• What the task asks:
Count the lines of data below that include "pitch". Provide only the number.

(Recorded data)
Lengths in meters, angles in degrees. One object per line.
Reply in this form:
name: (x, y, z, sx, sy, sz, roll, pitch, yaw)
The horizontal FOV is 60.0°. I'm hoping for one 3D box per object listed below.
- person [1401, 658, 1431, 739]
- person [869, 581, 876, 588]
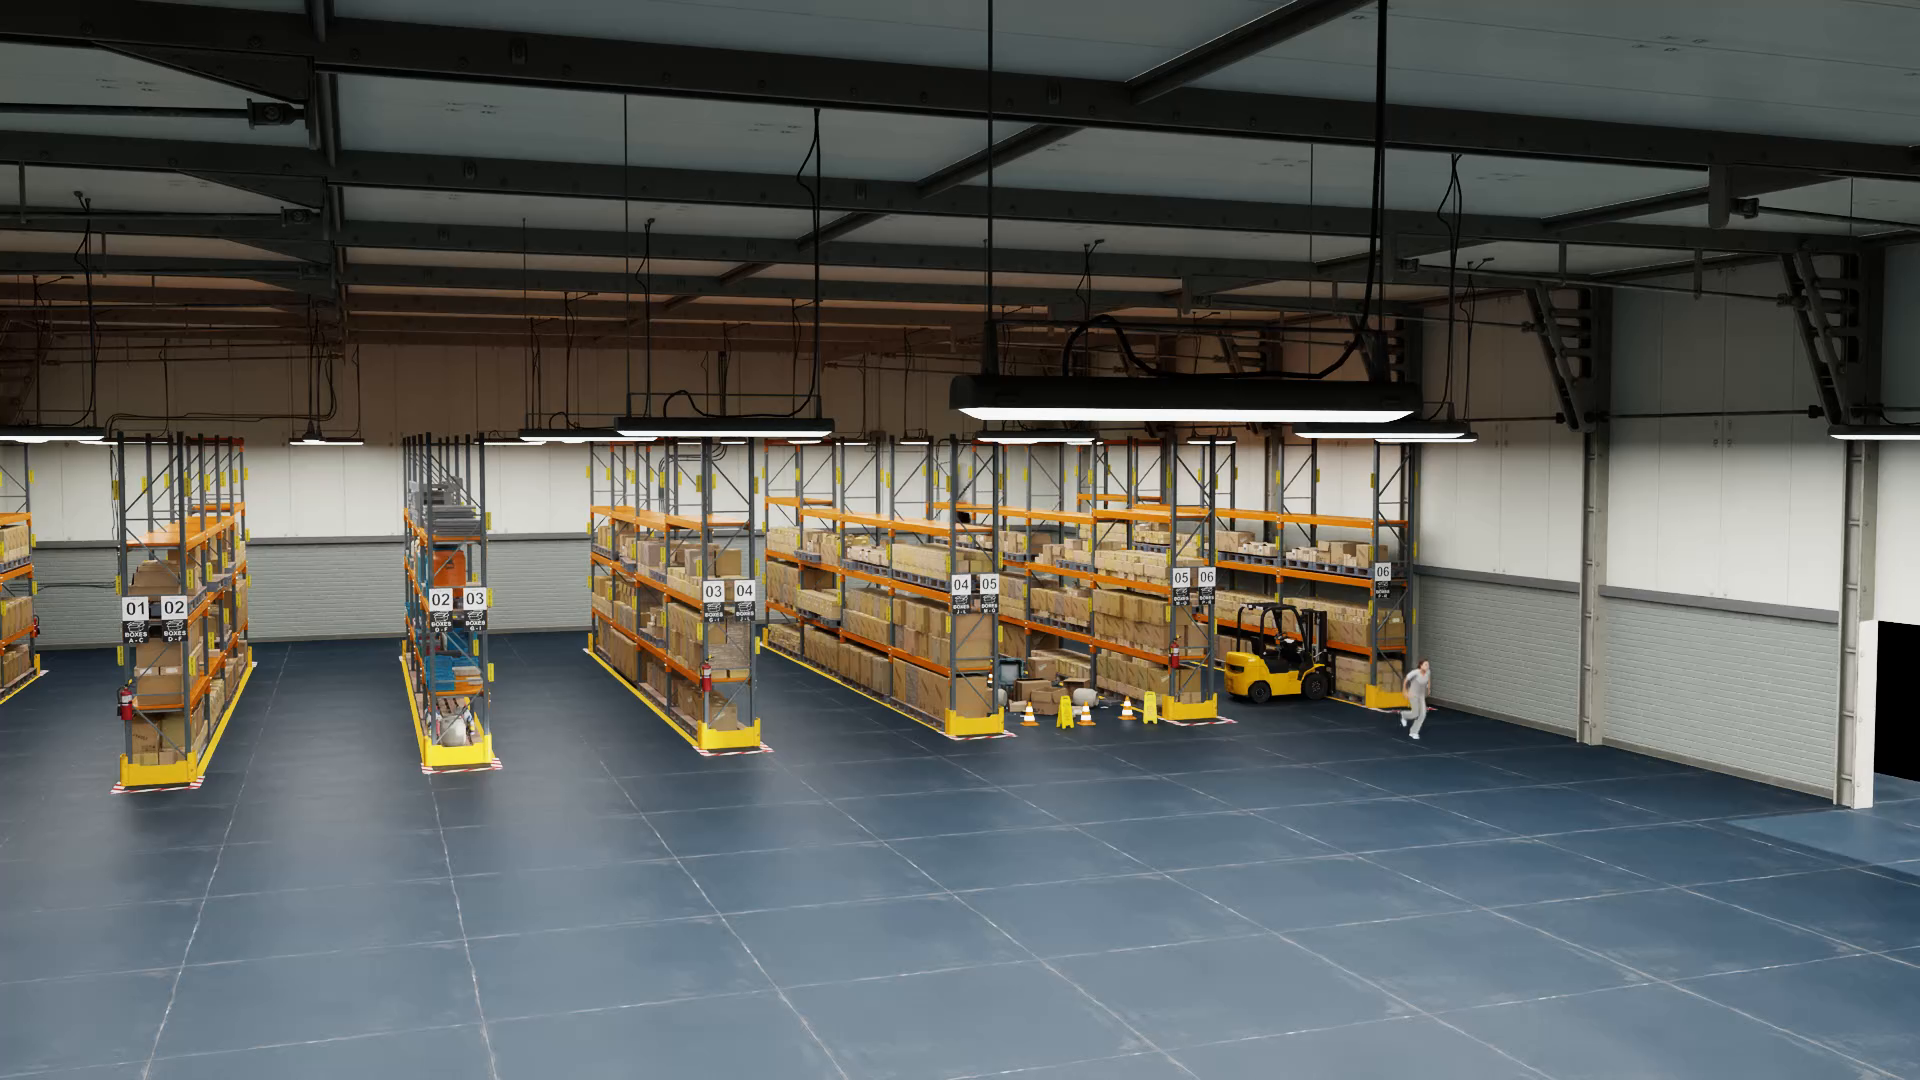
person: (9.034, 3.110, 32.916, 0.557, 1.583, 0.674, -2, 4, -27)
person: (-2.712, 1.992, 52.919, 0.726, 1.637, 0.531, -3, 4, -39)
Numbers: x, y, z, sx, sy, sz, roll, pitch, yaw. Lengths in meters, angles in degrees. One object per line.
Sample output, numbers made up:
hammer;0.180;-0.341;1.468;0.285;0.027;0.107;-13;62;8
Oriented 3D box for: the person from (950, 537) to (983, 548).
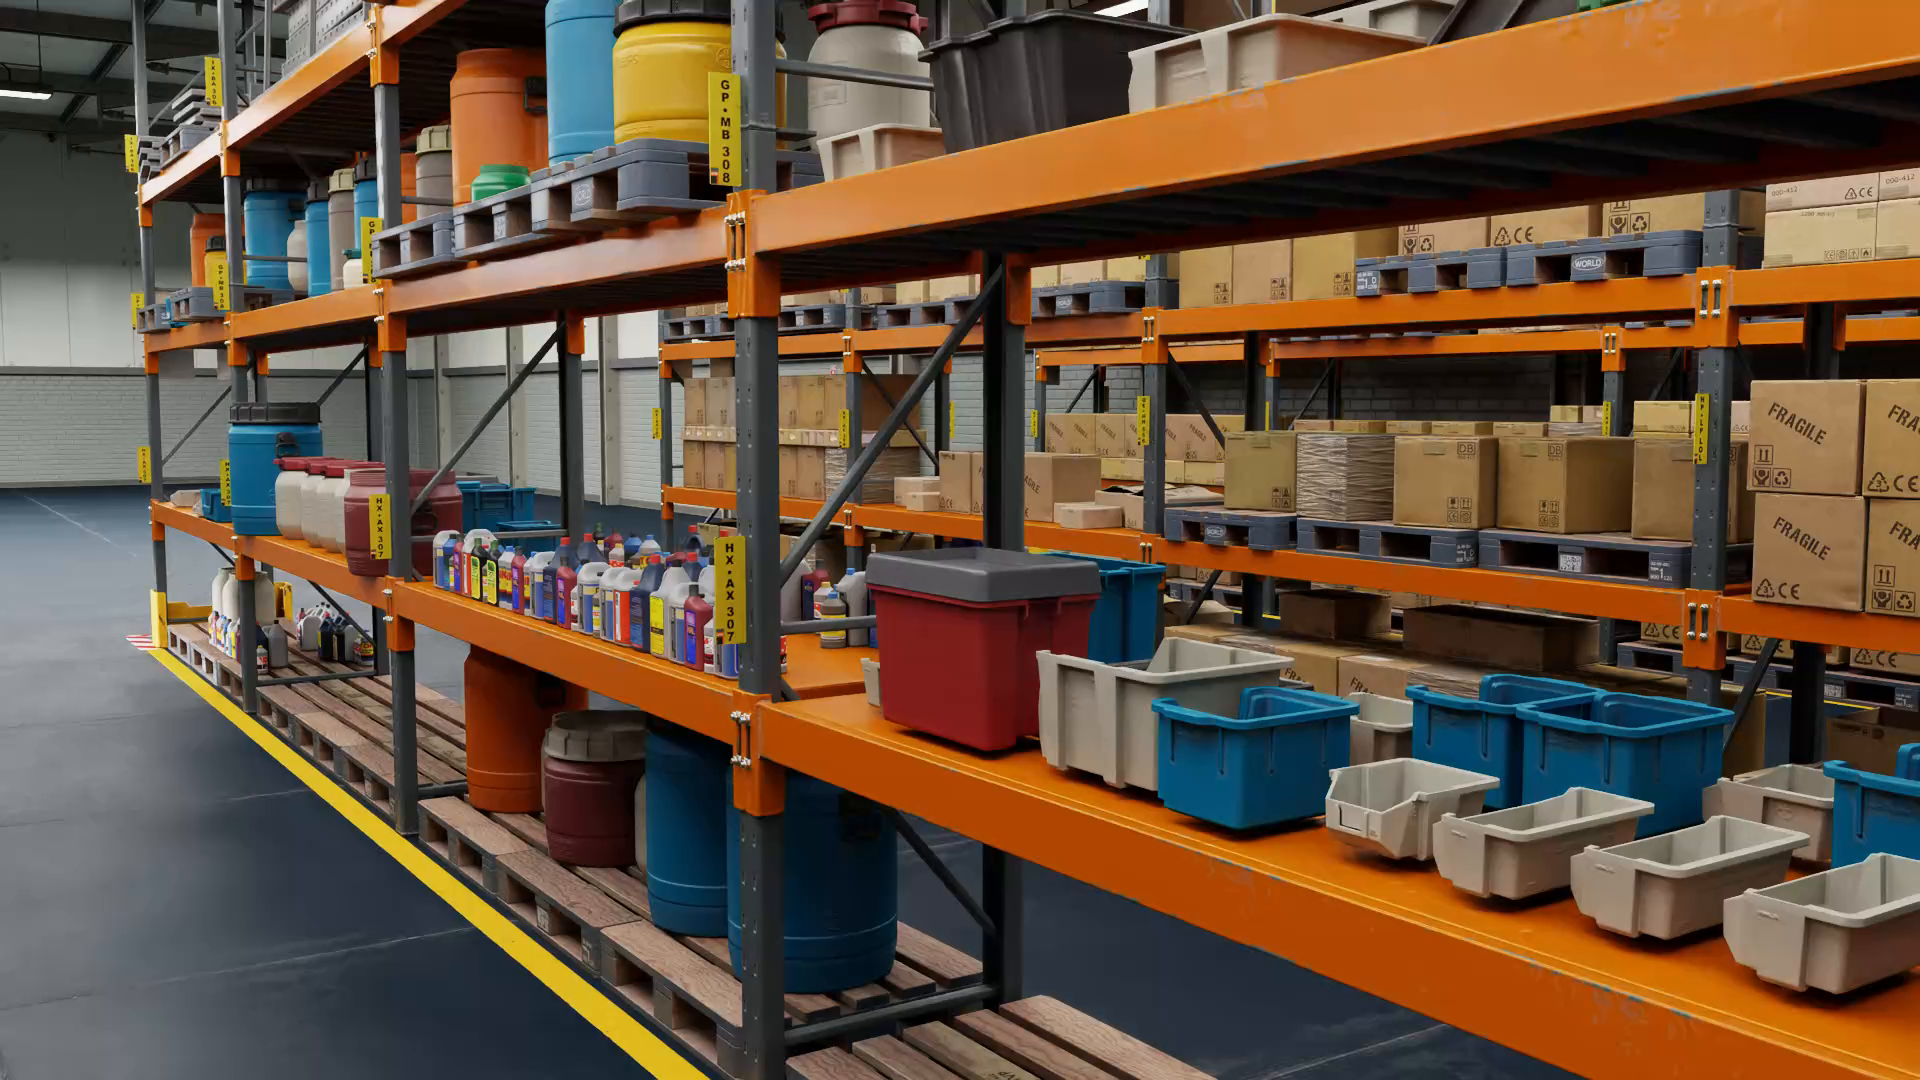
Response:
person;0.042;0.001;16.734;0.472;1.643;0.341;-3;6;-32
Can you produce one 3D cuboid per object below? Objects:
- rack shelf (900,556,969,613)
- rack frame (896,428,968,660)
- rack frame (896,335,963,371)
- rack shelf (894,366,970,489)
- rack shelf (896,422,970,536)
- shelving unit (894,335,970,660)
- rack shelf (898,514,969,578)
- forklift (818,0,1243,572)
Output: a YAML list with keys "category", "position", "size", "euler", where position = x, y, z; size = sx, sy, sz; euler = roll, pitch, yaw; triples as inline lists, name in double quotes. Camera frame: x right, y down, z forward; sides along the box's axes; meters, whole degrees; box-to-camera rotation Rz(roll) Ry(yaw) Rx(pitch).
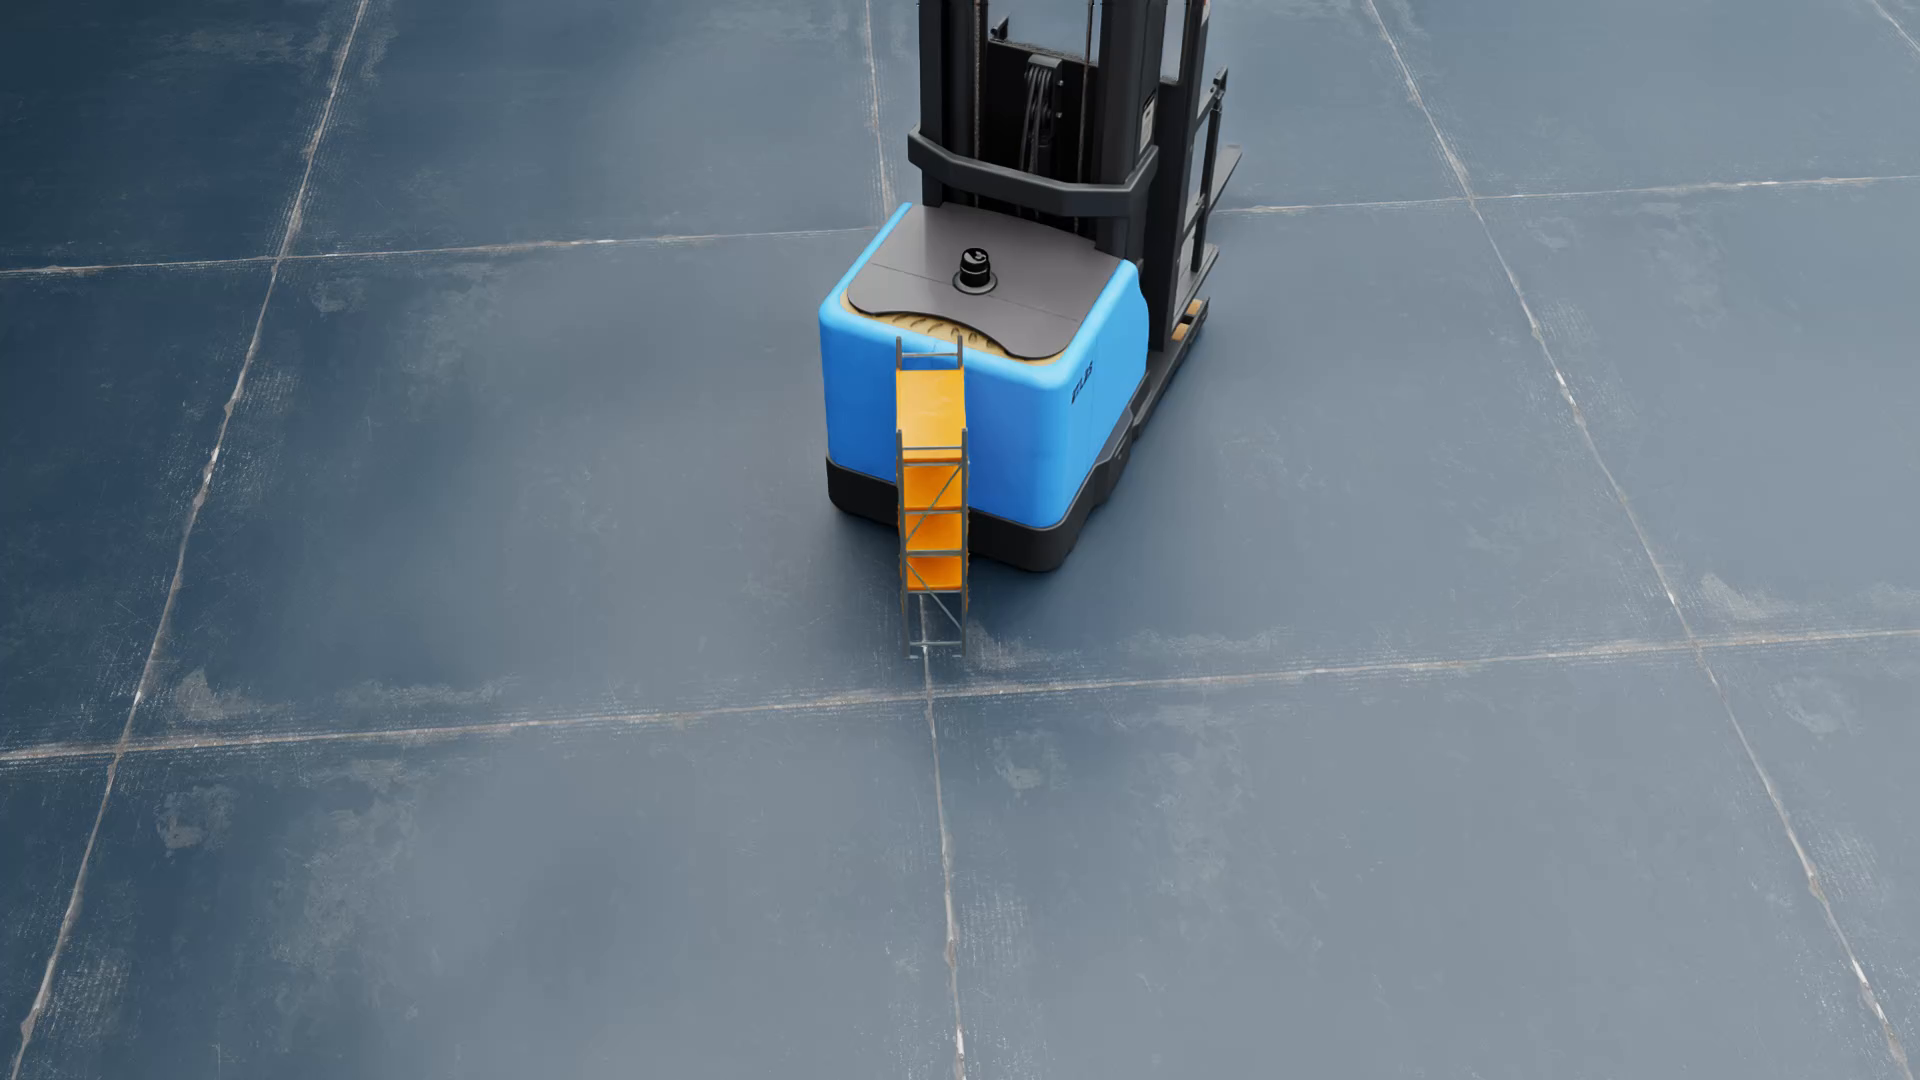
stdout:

• Reply:
3